(Provided records)

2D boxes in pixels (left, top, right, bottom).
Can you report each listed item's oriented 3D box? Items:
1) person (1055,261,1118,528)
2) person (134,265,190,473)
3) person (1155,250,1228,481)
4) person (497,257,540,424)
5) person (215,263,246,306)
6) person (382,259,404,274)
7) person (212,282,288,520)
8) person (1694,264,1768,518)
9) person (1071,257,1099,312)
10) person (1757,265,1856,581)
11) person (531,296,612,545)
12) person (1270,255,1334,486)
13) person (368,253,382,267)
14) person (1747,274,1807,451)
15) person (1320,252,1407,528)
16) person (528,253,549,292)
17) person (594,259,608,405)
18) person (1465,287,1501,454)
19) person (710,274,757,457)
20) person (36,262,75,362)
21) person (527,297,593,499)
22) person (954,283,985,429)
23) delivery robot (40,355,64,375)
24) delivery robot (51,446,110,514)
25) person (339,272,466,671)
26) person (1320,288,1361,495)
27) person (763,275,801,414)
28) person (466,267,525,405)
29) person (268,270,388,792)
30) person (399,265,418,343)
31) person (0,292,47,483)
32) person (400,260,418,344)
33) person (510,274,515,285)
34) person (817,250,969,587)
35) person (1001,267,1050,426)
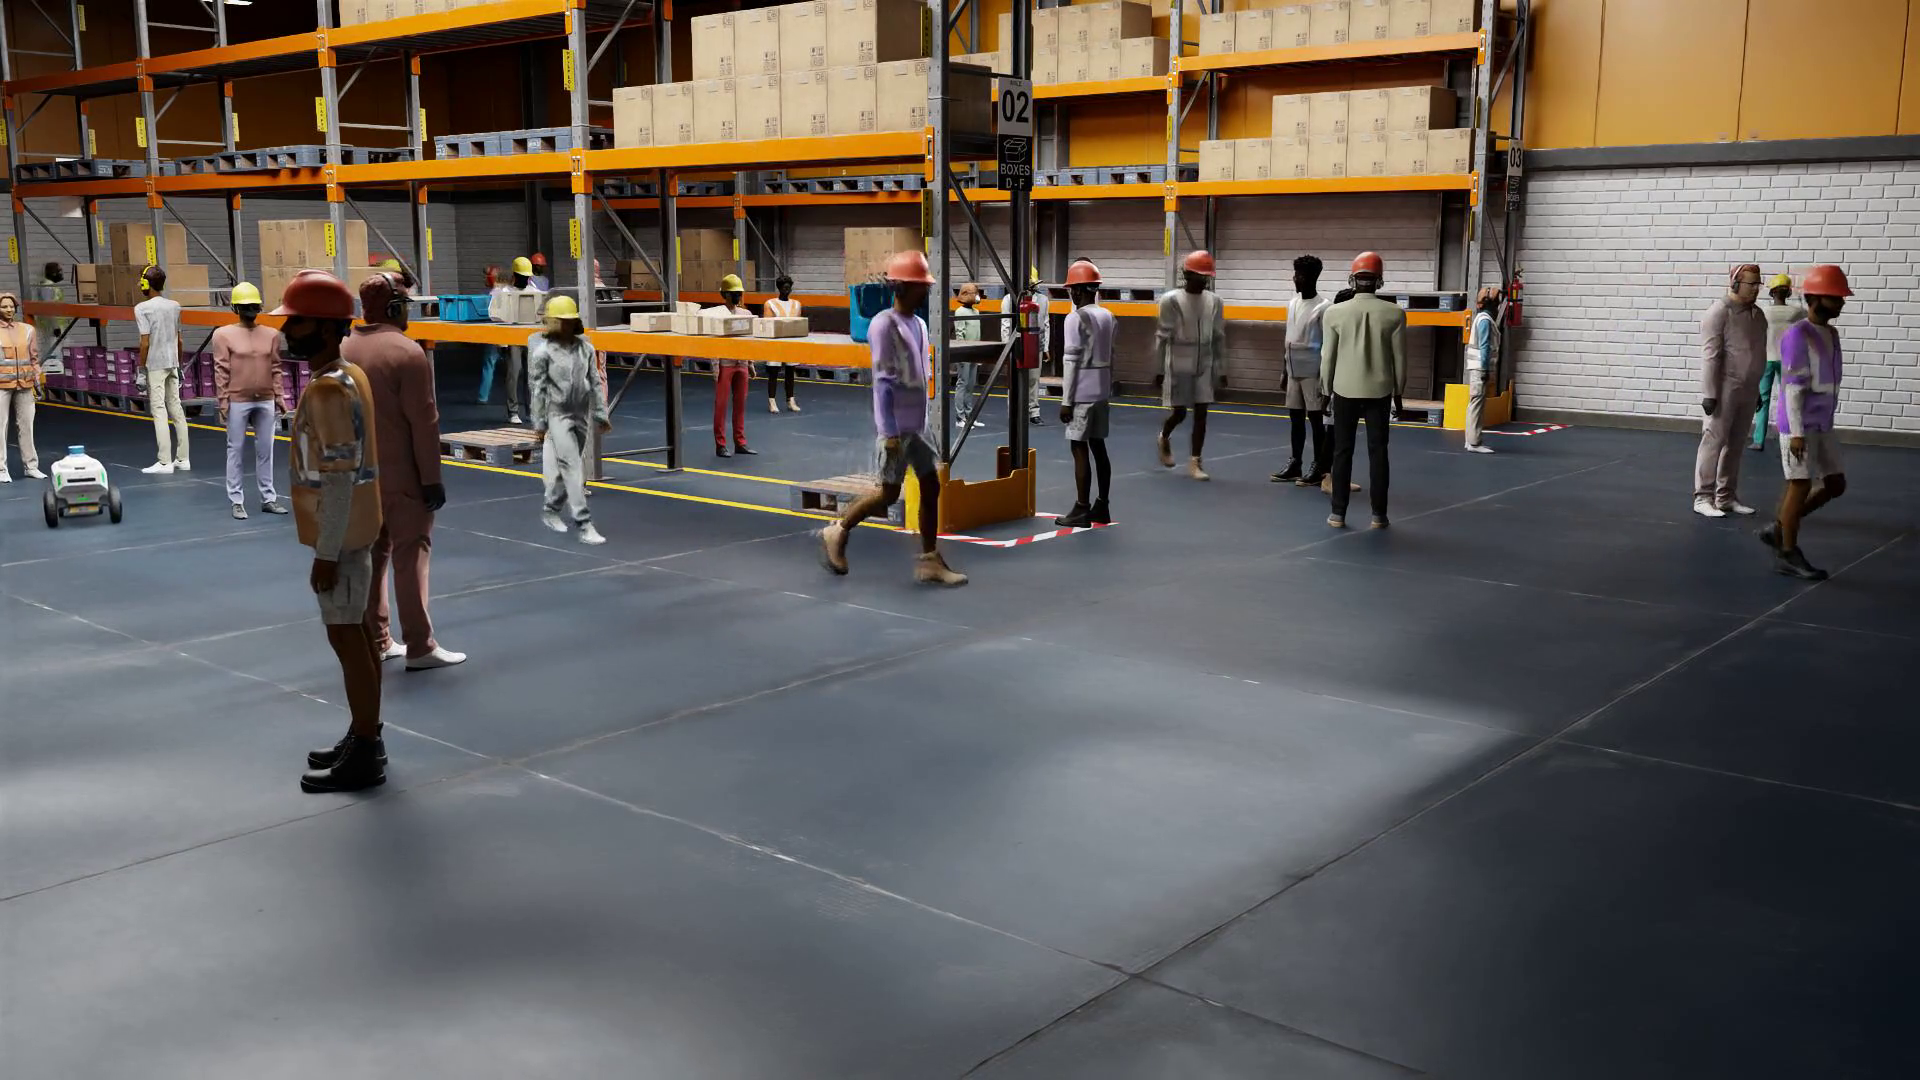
[{"bbox_3d":[0.905,-1.058,12.129,0.382,1.932,0.541,8,13,38],"label":"person"},{"bbox_3d":[-7.211,-1.532,14.987,0.328,1.872,0.511,3,10,18],"label":"person"},{"bbox_3d":[1.991,-1.531,14.608,0.665,2.009,0.684,-3,10,-17],"label":"person"},{"bbox_3d":[-5.054,-2.300,19.229,0.378,1.918,0.585,9,13,42],"label":"person"},{"bbox_3d":[-9.964,-2.924,23.019,0.599,1.832,0.403,-9,14,-43],"label":"person"},{"bbox_3d":[-7.566,-2.738,21.818,0.587,1.894,0.844,6,12,33],"label":"person"},{"bbox_3d":[-5.330,-1.047,12.521,0.321,1.769,0.523,9,13,41],"label":"person"},{"bbox_3d":[5.858,-1.123,12.565,0.652,1.904,0.402,-6,12,-31],"label":"person"},{"bbox_3d":[1.448,-2.319,19.336,0.388,1.919,0.594,2,10,14],"label":"person"},{"bbox_3d":[5.172,-0.709,10.151,0.552,1.922,0.451,-6,12,-32],"label":"person"},{"bbox_3d":[-2.738,-0.851,11.586,0.891,1.702,0.487,8,13,40],"label":"person"},{"bbox_3d":[2.956,-1.441,14.208,0.369,1.963,0.601,-5,11,-27],"label":"person"},{"bbox_3d":[-8.431,-3.140,23.939,1.037,1.933,0.643,6,12,30],"label":"person"},{"bbox_3d":[8.126,-1.760,16.585,0.525,1.769,0.327,2,10,13],"label":"person"},{"bbox_3d":[2.914,-1.077,12.042,0.612,1.995,0.382,2,10,11],"label":"person"},{"bbox_3d":[-6.805,-3.655,26.880,0.353,1.941,0.543,5,11,26],"label":"person"},{"bbox_3d":[-4.221,-2.264,19.052,0.410,1.909,0.643,-1,10,-5],"label":"person"},{"bbox_3d":[5.185,-1.684,16.504,0.315,1.641,0.514,2,10,14],"label":"person"},{"bbox_3d":[-2.207,-1.691,16.195,0.315,1.769,0.525,9,14,42],"label":"person"},{"bbox_3d":[-12.971,-3.066,23.852,0.440,1.822,0.641,-2,10,-13],"label":"person"},{"bbox_3d":[-3.220,-1.140,13.429,0.507,1.633,0.275,-1,10,-5],"label":"person"},{"bbox_3d":[0.101,-2.068,18.706,0.285,1.636,0.499,5,11,24],"label":"person"},{"bbox_3d":[-12.460,-2.304,22.858,0.477,0.478,0.707,-6,11,-28],"label":"delivery robot"},{"bbox_3d":[-6.532,-0.455,12.332,0.477,0.478,0.707,-6,11,-30],"label":"delivery robot"},{"bbox_3d":[-2.715,-0.326,8.013,0.637,1.911,0.403,6,12,30],"label":"person"},{"bbox_3d":[3.159,-1.216,13.685,0.316,1.695,0.542,7,12,35],"label":"person"},{"bbox_3d":[-2.170,-2.404,20.457,0.531,1.692,0.320,-7,12,-33],"label":"person"},{"bbox_3d":[-5.868,-2.600,21.321,0.999,1.794,0.576,3,10,16],"label":"person"},{"bbox_3d":[-2.350,-0.032,6.242,0.343,1.942,0.548,-2,10,-14],"label":"person"},{"bbox_3d":[-7.589,-2.808,22.458,0.835,1.806,0.645,3,10,18],"label":"person"},{"bbox_3d":[-8.253,-1.326,14.470,0.308,1.641,0.514,7,12,33],"label":"person"},{"bbox_3d":[-8.514,-3.350,25.434,0.535,1.846,0.747,0,10,-2],"label":"person"},{"bbox_3d":[-6.915,-3.367,26.112,0.498,1.633,0.285,-3,10,-15],"label":"person"},{"bbox_3d":[-0.405,-0.719,9.961,0.882,2.018,0.615,5,11,28],"label":"person"},{"bbox_3d":[0.754,-2.201,18.896,0.590,1.836,0.404,-3,11,-19],"label":"person"}]

(End Provided records)

*Action item*: Look back at the entries above and repeat, unchanged, every line from the line holding "3) person (1155,250,1228,481)" through the line holding "34) person (817,250,969,587)".

*Solution*:
3) person (1155,250,1228,481)
4) person (497,257,540,424)
5) person (215,263,246,306)
6) person (382,259,404,274)
7) person (212,282,288,520)
8) person (1694,264,1768,518)
9) person (1071,257,1099,312)
10) person (1757,265,1856,581)
11) person (531,296,612,545)
12) person (1270,255,1334,486)
13) person (368,253,382,267)
14) person (1747,274,1807,451)
15) person (1320,252,1407,528)
16) person (528,253,549,292)
17) person (594,259,608,405)
18) person (1465,287,1501,454)
19) person (710,274,757,457)
20) person (36,262,75,362)
21) person (527,297,593,499)
22) person (954,283,985,429)
23) delivery robot (40,355,64,375)
24) delivery robot (51,446,110,514)
25) person (339,272,466,671)
26) person (1320,288,1361,495)
27) person (763,275,801,414)
28) person (466,267,525,405)
29) person (268,270,388,792)
30) person (399,265,418,343)
31) person (0,292,47,483)
32) person (400,260,418,344)
33) person (510,274,515,285)
34) person (817,250,969,587)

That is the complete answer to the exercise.